A joint open letter circulated this week signed by French cloud vendor OVHcloud, Germany’s Nextcloud, Swiss privacy software company Proton, federated social networks Mastodon and Monnett Social, browser maker Ecosia, and Dutch quantum chip maker QuantWare. Lawmakers from the Greens group at the European Parliament co-signed alongside six civil organizations including Defend Democracy and Save Social. The message: Build European, buy European, protect European. The groups defined technological sovereignty as Europe’s capacity to design, build, operate, and regulate digital infrastructure free from foreign jurisdictions that could compel data access or shut services down. The editorial team at YourDailyAnalysis picks apart the letter not as ceremonial positioning but as a timed commercial intervention landing alongside concrete EU regulatory action.
The market context gives the letter real weight. Gartner estimates worldwide sovereign cloud spending will reach $80 billion in 2026, with European spending growing 83 percent year-over-year from a $6.9 billion base in 2025. Cumulative GDPR fines reached $7.1 billion as of January 2026, with Austrian, French, and Italian data protection authorities ruling against U.S.-based tools for transatlantic data transfer violations. The U.S. CLOUD Act remains in force, meaning U.S.-headquartered providers must comply with government data requests even for data physically inside the EU. OVHcloud’s managing director for Germany, Falk Weinreich, described the shift: motivation has moved from compliance to fear of a shutdown from the American side. YourDailyAnalysis classifies that migration from compliance-driven to geopolitics-driven demand as the decisive commercial moment for the European cloud sector.

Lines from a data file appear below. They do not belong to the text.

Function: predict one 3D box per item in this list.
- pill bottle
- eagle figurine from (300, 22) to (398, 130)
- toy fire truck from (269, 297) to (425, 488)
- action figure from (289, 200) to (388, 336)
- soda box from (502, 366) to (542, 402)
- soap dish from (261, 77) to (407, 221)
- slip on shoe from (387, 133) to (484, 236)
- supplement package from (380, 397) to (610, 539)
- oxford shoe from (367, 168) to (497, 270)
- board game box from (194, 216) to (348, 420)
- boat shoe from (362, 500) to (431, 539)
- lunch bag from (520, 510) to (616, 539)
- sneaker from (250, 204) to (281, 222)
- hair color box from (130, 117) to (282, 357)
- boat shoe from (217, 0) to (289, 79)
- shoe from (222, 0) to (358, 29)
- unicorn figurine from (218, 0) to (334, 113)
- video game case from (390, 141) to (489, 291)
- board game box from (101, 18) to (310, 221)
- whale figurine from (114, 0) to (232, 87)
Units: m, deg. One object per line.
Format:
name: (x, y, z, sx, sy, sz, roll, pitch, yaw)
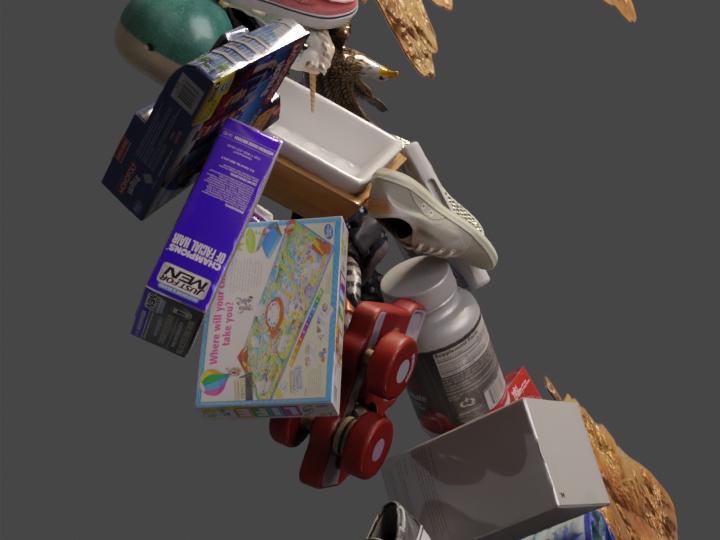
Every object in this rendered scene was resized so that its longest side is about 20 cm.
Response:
pill bottle: (0.092, 0.087, 1.538, 0.111, 0.110, 0.200, -66, 141, -53)
eagle figurine: (-0.022, -0.240, 1.694, 0.152, 0.200, 0.151, -33, 53, -27)
toy fire truck: (0.003, 0.124, 1.392, 0.168, 0.112, 0.201, 8, 100, -65)
action figure: (0.000, 0.000, 1.542, 0.200, 0.104, 0.194, 45, 44, -24)
soda box: (0.161, 0.194, 1.653, 0.070, 0.063, 0.200, 59, 30, -5)
soap dish: (-0.065, -0.131, 1.500, 0.200, 0.081, 0.157, 28, 31, 8)
slip on shoe: (0.078, -0.094, 1.775, 0.200, 0.061, 0.074, 47, 64, -1)
supplement package: (0.144, 0.230, 1.466, 0.120, 0.200, 0.122, 11, 57, -51)
oxford shoe: (0.074, -0.042, 1.464, 0.200, 0.075, 0.058, 34, 73, -41)
board game box: (-0.084, 0.045, 1.320, 0.034, 0.134, 0.200, 68, 22, -60)
boat shoe: (0.018, 0.299, 1.351, 0.068, 0.072, 0.200, 56, 29, -12)
lunch bag: (0.216, 0.380, 1.479, 0.127, 0.170, 0.200, 20, 48, -47)
sneaker: (-0.101, 0.019, 1.404, 0.083, 0.081, 0.200, -25, 84, -47)
hair color box: (-0.145, -0.031, 1.278, 0.065, 0.109, 0.200, 23, 60, -6)
boat shoe: (-0.116, -0.250, 1.602, 0.200, 0.066, 0.075, 55, 31, -11)
shoe: (-0.064, -0.319, 1.439, 0.200, 0.091, 0.072, 3, 54, -41)
unicorn figurine: (-0.092, -0.289, 1.516, 0.137, 0.074, 0.200, 21, 44, -17)
video game case: (0.077, -0.049, 1.636, 0.022, 0.200, 0.183, -27, 88, -15)
board game box: (-0.138, -0.167, 1.334, 0.062, 0.200, 0.200, 43, 42, 7)
whale figurine: (-0.177, -0.256, 1.466, 0.159, 0.104, 0.200, 34, 19, 10)

The Commission has moved on structure. In October 2025 it launched a 180-million-euro sovereign cloud tender for EU institutions, selecting Luxembourg-based Post Telecom, Germany’s STACKIT, France’s Scaleway, and Belgium’s Proximus. STACKIT – a brand of Schwarz Digits backed by Schwarz Gruppe, Europe’s largest retailer – carries 11 billion euros in parent investment. The Commission is finalizing a Cloud Sovereignty Framework grading providers from SEAL-0 to SEAL-4. Digital Markets Act investigations into Amazon Web Services and Microsoft Azure are underway. A broader Tech Sovereignty Package is in preparation. Our reporters unpack the tender and the DMA probes as two prongs of a coordinated push: demand pull from procurement, regulatory pressure from enforcement.
The scale gap is the honest counterpoint. U.S. hyperscalers plan roughly $600 billion in cloud and AI infrastructure in 2026 alone. OVHcloud operates 43 data centers across 9 countries; AWS runs more than 100 availability zones. OVHcloud offers around 40 managed services; AWS over 200. Organizations built on AWS Lambda or Google BigQuery face real switching costs unrelated to sovereignty politics. There is also an awkward detail: one of the Commission’s own tender awardees – Proximus – partners with S3NS, a joint venture of Thales and Google Cloud. The observers at Your Daily Analysis surface this contradiction as the practical ceiling of full-sovereignty aspirations in today’s European market.
The letter’s signatories sketch a rough architecture for a European digital stack: OVHcloud for infrastructure, Nextcloud for productivity, Proton for encrypted communications, Mastodon for federated social, Ecosia for search, QuantWare for quantum hardware. Together they compete on jurisdiction rather than feature count. Lawmaker Alexandra Geese put it plainly: Build European, buy European, protect European. What the letter leaves open is procurement inertia – institutions that integrated AWS or Azure over years face real switching costs, and European providers have historically lost on price in large enterprise bids.
The most important near-term indicator is whether EU member governments redirect procurement budgets. France allocated 1.8 billion euros to sovereignty initiatives; Germany spent more than 3 billion euros on Oracle cloud infrastructure, suggesting sovereignty in practice can still mean a U.S.-headquartered vendor with EU data centers. YourDailyAnalysis leaves readers with an uncomfortable bottom line: the political will has arrived, the regulatory machinery is in motion, and the alternatives exist. Whether institutions actually buy European at scale, rather than sovereignty-branded U.S. infrastructure, is the only question that matters.